We will use the [MDS implementation](https://scikit-learn.org/stable/modules/generated/sklearn.manifold.MDS.html#sklearn.manifold.MDS) from scikit-learn in our example.

In [2]:
import sklearn
from sklearn.manifold import MDS

M_scaled = M / 255
mds = MDS(2)
r = mds.fit_transform(M_scaled[:1000])



This time, instead of [standardization](https://scikit-learn.org/stable/modules/preprocessing.html#standardization-or-mean-removal-and-variance-scaling) we simply scale the data uniformly so all pixel values fall in the range between 0 and 1. We do not use standardization because it will rescale each dimension separately, and that will alter the pairwise distance between data points. Since distance is what MDS tries to preserve in the embedding, any nonlinear change in the distance metric will result in a less optimal or incorrect embedding. Feel free to try standardization and see how the result will change if distance within our dataset is altered.
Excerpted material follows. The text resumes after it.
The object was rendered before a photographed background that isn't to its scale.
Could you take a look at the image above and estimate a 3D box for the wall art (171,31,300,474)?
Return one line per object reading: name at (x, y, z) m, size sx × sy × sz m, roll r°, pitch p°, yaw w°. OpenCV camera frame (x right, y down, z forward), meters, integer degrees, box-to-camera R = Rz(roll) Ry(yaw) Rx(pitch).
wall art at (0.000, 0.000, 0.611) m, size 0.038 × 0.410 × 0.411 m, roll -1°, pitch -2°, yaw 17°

In the MDS computation, we requested the algorithm to compute a 2 dimensional embedding so that we can visualize it in 2D. Due to the high requirement on computation power, we will only compute the embedding of the first 1000 data points for this case study. The resulting 2D embedding of these 1000 data points are stored in the 1000x2 matrix named `r`.

## Visualization with MDS

Let us now visualize the MDS 2D embedding.

In [3]:
df = pd.DataFrame({"x": r[:,0], "y": r[:,1], "label":training_labels[:1000]})
alt.Chart(df).mark_point()\
    .encode(x="x:Q", y="y:Q", color="label:N")

The above visualization shows the embedding of the first 1000 data points in a 2 dimensional manifold. In this visualization, it seems the result is quite similar to the PCA output. Let us take a closer look at the facet view.

In [4]:
alt.Chart(df).mark_point()\
    .encode(x="x:Q", y="y:Q", color="label:N")\
    .facet("label:N", columns=2)

The facet view shows the distribution of data points with the same label in the 2D embedding space. For example, we see that data points of label `0` exhibit larger variation than data points with label `1`.  Similar to PCA, there is still overlap between clusters of data points of different labels. However, the overlap problem seems to be less severe in the MDS output.

Sometimes, people also combine PCA and MDS by projecting the dataset onto the first N principal components and then embed this projection in a 2 dimension manifold using MDS. We will leave this as an optional exercise for you to try on your own.

## Summary

In this case study, we visualized the MNIST dataset using MDS. We used MDS to embed the first 1000 data points into a 2 dimensional manifold such that the pairwise distance between the data points is preserved as much as possible. This low dimensional embedding allows us to easily visualize the distribution of the data points.